1. Il stimule de nouveau leur ardeur, à cause de leurs nombreuses épreuves; et puis son absence devait certainement les avoir affaiblis. Que leur dit-il donc ? Il ne faut pas que nous soyons étonnés, moins encore troublés, des maux qui nous assaillent; car il en résulte pour nous plusieurs avantages. Il en a déjà signalé quelques-uns, tels que celui de porter en nous la mortification de Jésus, celui d'offrir une grande preuve de sa puissance, « Pour qu'on reconnaisse la supériorité de la puissance de Dieu; » celui de proclamer sa résurrection et d'en rendre témoignage, « Afin que la vie de Jésus se manifeste dans notre chair mortelle. » Il a dit, de plus, que par là l'homme intérieur grandit et s'améliore en nous, « Quoique l'homme extérieur se décompose, l'homme intérieur se renouvelle de jour en jour. » Et maintenant, pour mieux faire ressortir l'avantage des mauvais traitements et des persécutions, il nous montre les biens sans nombre qui doivent en résulter pour la victime, alors qu'elle paraît avoir complètement succombé.

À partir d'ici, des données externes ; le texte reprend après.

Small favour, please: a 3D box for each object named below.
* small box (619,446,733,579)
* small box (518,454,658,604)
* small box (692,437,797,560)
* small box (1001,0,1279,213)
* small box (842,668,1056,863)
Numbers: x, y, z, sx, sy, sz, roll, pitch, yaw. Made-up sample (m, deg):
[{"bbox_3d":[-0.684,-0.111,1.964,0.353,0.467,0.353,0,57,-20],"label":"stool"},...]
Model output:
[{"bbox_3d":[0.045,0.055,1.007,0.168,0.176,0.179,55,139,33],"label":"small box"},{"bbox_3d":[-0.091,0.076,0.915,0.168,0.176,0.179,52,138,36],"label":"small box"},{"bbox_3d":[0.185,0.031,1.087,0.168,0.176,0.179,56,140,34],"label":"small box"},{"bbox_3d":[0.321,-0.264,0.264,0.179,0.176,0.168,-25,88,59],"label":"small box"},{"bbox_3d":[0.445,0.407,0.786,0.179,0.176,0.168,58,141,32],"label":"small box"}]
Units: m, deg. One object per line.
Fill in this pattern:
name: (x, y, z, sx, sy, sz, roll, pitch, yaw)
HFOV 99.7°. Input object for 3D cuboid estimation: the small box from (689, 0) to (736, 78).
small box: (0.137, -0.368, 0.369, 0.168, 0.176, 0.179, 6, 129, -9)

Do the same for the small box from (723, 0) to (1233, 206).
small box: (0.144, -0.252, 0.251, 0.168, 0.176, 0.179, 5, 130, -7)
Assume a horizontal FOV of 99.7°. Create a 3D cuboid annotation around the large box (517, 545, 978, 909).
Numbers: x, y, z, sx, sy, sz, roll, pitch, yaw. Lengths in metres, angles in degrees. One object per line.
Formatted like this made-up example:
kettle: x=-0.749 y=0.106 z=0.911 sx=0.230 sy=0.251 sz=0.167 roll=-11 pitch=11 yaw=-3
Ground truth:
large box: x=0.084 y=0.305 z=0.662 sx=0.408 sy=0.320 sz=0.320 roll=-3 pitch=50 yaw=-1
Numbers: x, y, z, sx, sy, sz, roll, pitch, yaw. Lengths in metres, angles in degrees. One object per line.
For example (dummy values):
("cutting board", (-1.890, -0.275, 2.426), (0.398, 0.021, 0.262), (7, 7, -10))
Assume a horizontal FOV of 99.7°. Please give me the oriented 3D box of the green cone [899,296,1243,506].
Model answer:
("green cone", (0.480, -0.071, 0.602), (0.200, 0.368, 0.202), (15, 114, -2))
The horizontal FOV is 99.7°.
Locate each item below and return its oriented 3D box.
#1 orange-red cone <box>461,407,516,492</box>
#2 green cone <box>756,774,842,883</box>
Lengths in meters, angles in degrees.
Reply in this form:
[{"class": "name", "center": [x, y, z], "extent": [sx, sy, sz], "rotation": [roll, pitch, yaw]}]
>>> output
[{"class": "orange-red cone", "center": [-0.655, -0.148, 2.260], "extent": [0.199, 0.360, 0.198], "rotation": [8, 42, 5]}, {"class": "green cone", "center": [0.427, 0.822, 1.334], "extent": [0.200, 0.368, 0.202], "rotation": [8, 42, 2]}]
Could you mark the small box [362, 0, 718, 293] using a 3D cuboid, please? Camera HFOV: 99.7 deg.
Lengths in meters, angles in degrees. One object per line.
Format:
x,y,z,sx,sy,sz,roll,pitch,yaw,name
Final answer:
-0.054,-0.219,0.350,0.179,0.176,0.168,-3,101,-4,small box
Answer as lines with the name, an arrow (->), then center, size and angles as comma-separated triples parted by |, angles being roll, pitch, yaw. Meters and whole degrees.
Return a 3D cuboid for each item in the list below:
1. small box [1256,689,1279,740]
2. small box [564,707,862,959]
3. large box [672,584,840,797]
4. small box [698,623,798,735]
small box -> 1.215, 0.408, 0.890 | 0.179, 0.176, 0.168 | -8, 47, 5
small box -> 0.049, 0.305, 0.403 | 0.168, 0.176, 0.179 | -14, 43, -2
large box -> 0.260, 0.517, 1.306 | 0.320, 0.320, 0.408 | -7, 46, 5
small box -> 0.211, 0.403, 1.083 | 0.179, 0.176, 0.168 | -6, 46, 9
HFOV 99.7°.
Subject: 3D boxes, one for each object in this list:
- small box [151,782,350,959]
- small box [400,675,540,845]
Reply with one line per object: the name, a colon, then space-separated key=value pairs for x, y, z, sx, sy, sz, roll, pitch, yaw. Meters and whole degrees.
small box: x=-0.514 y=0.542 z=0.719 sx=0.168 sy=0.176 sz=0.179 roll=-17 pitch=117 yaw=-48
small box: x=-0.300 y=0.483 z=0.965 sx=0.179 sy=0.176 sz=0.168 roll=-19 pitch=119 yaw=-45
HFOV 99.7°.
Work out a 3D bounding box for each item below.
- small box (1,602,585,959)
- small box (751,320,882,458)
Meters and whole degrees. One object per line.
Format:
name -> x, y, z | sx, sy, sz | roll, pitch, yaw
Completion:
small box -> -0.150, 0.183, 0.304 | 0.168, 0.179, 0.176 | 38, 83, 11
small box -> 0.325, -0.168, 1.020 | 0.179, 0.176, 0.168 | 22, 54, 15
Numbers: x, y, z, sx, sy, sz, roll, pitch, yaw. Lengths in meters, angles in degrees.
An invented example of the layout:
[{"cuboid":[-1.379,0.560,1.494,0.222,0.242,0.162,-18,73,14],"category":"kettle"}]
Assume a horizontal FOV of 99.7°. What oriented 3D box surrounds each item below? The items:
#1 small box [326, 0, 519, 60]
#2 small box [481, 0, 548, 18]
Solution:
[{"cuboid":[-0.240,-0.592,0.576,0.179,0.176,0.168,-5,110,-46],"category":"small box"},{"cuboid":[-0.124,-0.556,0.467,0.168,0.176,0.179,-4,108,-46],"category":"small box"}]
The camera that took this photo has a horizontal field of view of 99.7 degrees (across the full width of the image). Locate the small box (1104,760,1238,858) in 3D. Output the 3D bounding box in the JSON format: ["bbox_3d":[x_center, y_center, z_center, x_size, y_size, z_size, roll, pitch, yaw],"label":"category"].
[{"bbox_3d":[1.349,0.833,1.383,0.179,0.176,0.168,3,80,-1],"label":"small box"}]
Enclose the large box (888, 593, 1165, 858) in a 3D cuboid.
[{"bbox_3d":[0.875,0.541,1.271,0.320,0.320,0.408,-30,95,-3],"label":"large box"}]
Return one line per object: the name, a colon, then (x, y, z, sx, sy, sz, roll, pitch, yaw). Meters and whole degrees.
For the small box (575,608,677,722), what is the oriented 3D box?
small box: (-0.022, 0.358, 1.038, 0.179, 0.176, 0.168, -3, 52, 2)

Pour que cette décomposition de l'homme extérieur ne vous jette pas dans l'angoisse, il vous déclare que vous posséderez le vrai bonheur aussitôt qu'elle sera consommée, que vous entrerez alors dans une vie meilleure. Loin donc d'avoir à gémir en voyant la destruction s'accomplir progressivement, il faut demander qu'elle devienne totale; car une pareille corruption nous mène à l'incorruptibilité.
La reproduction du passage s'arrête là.